- **Aim of the exercise**: Please repeat the records exactly from their first line, finishing at the line containing "Answer: Additional calcium supplementation" and including it.

- **Data to use**:
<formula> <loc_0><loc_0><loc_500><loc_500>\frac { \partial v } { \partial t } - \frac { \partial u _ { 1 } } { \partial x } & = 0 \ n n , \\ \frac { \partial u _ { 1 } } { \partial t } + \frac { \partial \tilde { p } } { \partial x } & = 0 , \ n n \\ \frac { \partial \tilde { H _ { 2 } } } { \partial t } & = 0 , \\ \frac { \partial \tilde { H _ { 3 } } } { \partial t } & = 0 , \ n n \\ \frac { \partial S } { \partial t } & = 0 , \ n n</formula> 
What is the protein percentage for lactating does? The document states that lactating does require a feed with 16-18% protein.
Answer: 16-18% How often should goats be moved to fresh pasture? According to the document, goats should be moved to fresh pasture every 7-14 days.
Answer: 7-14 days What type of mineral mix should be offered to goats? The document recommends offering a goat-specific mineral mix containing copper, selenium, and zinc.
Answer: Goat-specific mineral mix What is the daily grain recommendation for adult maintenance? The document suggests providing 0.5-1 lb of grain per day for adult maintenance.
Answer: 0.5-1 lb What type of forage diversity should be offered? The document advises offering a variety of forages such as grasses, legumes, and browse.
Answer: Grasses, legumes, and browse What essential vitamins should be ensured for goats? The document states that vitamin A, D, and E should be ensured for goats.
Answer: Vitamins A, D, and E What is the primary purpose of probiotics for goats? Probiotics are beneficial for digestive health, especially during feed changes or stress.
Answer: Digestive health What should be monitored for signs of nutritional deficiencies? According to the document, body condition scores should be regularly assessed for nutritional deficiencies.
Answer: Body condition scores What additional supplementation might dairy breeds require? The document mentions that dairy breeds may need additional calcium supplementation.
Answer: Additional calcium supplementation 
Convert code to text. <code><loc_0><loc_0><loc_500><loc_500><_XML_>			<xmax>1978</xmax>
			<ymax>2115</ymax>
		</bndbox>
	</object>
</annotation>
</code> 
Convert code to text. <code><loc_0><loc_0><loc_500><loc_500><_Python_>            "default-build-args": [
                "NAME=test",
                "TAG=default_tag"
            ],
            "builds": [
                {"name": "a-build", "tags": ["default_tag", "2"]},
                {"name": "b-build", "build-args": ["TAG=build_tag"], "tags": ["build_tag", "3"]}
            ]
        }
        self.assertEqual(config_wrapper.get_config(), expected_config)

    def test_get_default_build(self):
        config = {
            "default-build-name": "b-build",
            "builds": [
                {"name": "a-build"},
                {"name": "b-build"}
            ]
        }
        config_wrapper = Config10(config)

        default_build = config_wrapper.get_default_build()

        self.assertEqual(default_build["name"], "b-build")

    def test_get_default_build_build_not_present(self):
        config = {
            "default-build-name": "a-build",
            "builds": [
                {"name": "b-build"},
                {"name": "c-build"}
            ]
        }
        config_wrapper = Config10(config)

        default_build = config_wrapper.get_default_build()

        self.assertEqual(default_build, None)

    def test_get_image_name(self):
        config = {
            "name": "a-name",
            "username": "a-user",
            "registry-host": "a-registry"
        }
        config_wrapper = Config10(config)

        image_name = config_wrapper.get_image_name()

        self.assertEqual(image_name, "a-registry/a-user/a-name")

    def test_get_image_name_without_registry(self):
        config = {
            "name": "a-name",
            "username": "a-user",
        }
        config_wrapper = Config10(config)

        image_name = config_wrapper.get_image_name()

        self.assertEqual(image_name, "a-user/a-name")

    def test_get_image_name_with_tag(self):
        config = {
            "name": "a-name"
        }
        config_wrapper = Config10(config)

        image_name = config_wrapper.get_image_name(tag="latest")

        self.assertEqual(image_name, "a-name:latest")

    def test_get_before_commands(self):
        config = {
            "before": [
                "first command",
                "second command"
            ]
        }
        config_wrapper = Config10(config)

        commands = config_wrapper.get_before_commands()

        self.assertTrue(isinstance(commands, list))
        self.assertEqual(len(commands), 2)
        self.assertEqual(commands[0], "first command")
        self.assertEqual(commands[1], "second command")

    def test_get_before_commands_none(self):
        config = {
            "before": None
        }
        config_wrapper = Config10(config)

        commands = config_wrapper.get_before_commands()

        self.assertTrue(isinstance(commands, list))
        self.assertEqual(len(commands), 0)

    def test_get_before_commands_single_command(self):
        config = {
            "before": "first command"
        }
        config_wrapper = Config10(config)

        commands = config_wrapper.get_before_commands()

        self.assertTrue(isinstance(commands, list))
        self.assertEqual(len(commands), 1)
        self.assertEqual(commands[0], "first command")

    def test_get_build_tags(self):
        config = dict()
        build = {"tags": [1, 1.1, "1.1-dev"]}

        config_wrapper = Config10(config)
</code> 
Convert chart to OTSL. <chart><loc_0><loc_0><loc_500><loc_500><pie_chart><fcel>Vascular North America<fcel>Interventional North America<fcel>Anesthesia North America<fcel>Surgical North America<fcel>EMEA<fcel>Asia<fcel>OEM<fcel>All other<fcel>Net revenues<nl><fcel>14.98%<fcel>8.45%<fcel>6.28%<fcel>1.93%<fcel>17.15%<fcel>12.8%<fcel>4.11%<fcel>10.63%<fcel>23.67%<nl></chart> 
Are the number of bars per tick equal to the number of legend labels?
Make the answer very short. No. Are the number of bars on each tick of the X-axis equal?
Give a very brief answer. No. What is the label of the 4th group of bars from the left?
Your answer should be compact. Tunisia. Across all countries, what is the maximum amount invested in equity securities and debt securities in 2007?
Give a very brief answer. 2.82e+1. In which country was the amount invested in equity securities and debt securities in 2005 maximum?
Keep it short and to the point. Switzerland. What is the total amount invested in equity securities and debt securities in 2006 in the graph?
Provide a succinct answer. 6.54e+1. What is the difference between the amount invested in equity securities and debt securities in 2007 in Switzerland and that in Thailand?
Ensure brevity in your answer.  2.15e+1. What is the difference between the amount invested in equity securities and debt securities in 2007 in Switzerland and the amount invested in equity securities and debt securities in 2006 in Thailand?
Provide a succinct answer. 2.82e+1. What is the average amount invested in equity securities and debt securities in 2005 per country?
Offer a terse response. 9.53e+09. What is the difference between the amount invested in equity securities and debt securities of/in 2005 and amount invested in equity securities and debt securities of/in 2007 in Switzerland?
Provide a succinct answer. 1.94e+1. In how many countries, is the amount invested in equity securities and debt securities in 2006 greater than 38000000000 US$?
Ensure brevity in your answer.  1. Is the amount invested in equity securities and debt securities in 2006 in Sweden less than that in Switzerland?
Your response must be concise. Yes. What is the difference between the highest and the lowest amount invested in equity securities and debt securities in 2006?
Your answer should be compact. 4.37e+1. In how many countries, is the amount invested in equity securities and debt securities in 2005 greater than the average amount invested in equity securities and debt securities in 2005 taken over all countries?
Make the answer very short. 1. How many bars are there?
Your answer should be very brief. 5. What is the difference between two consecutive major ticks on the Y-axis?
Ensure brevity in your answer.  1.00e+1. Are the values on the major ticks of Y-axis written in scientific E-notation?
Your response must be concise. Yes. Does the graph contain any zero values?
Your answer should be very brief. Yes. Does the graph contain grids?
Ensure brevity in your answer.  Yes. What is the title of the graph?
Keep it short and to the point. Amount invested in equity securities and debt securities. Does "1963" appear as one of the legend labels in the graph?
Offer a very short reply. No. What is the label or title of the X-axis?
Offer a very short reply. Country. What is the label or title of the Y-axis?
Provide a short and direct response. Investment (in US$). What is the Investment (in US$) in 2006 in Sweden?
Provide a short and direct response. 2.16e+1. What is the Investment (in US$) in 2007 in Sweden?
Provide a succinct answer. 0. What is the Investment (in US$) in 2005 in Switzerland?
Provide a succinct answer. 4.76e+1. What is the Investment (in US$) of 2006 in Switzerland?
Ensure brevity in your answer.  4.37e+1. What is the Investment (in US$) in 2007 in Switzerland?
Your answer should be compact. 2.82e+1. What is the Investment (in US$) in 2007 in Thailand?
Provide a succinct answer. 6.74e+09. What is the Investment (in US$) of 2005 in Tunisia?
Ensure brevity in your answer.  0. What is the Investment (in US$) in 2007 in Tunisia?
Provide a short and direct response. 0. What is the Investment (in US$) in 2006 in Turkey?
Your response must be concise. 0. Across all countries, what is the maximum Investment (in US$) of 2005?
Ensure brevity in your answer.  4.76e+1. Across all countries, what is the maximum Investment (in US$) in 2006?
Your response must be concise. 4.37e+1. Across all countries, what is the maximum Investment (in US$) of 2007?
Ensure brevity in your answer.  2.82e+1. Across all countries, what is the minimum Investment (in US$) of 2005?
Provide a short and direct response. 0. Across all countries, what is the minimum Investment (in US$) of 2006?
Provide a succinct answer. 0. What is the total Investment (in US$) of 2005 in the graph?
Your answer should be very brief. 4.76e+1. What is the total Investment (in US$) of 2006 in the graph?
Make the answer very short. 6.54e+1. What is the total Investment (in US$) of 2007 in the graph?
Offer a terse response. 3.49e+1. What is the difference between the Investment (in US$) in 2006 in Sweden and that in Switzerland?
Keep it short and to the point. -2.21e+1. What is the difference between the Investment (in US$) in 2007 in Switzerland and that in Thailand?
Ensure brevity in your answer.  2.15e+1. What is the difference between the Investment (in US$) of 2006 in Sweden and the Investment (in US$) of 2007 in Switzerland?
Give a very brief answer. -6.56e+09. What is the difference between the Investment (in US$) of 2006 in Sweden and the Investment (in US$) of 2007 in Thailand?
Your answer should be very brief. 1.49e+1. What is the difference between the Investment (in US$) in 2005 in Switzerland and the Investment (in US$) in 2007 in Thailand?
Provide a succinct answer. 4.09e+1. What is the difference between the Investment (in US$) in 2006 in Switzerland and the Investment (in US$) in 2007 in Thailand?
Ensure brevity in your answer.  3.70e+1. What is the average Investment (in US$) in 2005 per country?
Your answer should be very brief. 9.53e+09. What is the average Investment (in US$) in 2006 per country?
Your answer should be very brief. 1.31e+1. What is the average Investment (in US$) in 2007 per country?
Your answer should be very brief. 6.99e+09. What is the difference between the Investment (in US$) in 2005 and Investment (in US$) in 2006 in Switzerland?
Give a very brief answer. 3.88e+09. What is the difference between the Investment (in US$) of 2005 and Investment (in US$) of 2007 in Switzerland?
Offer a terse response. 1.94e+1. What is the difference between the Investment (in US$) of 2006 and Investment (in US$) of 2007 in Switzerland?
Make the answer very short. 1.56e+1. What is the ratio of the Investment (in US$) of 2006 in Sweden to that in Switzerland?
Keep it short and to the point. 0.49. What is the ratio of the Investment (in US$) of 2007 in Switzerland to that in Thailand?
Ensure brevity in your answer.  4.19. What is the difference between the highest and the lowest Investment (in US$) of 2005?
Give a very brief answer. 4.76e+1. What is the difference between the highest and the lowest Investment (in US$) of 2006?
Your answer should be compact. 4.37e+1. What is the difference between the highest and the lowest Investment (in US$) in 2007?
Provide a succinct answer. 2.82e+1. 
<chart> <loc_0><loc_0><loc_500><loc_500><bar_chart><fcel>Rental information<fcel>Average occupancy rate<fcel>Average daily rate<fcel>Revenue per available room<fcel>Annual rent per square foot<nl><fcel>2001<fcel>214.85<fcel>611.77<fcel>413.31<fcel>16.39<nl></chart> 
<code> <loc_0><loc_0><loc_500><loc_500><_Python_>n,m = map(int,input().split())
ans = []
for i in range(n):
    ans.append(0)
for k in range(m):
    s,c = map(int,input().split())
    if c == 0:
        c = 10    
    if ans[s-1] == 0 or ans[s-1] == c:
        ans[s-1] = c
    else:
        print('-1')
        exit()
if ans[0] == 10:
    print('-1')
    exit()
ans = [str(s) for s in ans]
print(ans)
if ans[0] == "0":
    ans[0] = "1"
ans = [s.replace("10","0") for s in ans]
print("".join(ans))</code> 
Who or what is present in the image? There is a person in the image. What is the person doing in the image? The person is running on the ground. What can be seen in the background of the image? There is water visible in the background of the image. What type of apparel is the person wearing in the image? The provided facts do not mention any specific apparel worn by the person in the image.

- **Answer to the problem**:
<formula> <loc_0><loc_0><loc_500><loc_500>\frac { \partial v } { \partial t } - \frac { \partial u _ { 1 } } { \partial x } & = 0 \ n n , \\ \frac { \partial u _ { 1 } } { \partial t } + \frac { \partial \tilde { p } } { \partial x } & = 0 , \ n n \\ \frac { \partial \tilde { H _ { 2 } } } { \partial t } & = 0 , \\ \frac { \partial \tilde { H _ { 3 } } } { \partial t } & = 0 , \ n n \\ \frac { \partial S } { \partial t } & = 0 , \ n n</formula> 
What is the protein percentage for lactating does? The document states that lactating does require a feed with 16-18% protein.
Answer: 16-18% How often should goats be moved to fresh pasture? According to the document, goats should be moved to fresh pasture every 7-14 days.
Answer: 7-14 days What type of mineral mix should be offered to goats? The document recommends offering a goat-specific mineral mix containing copper, selenium, and zinc.
Answer: Goat-specific mineral mix What is the daily grain recommendation for adult maintenance? The document suggests providing 0.5-1 lb of grain per day for adult maintenance.
Answer: 0.5-1 lb What type of forage diversity should be offered? The document advises offering a variety of forages such as grasses, legumes, and browse.
Answer: Grasses, legumes, and browse What essential vitamins should be ensured for goats? The document states that vitamin A, D, and E should be ensured for goats.
Answer: Vitamins A, D, and E What is the primary purpose of probiotics for goats? Probiotics are beneficial for digestive health, especially during feed changes or stress.
Answer: Digestive health What should be monitored for signs of nutritional deficiencies? According to the document, body condition scores should be regularly assessed for nutritional deficiencies.
Answer: Body condition scores What additional supplementation might dairy breeds require? The document mentions that dairy breeds may need additional calcium supplementation.
Answer: Additional calcium supplementation 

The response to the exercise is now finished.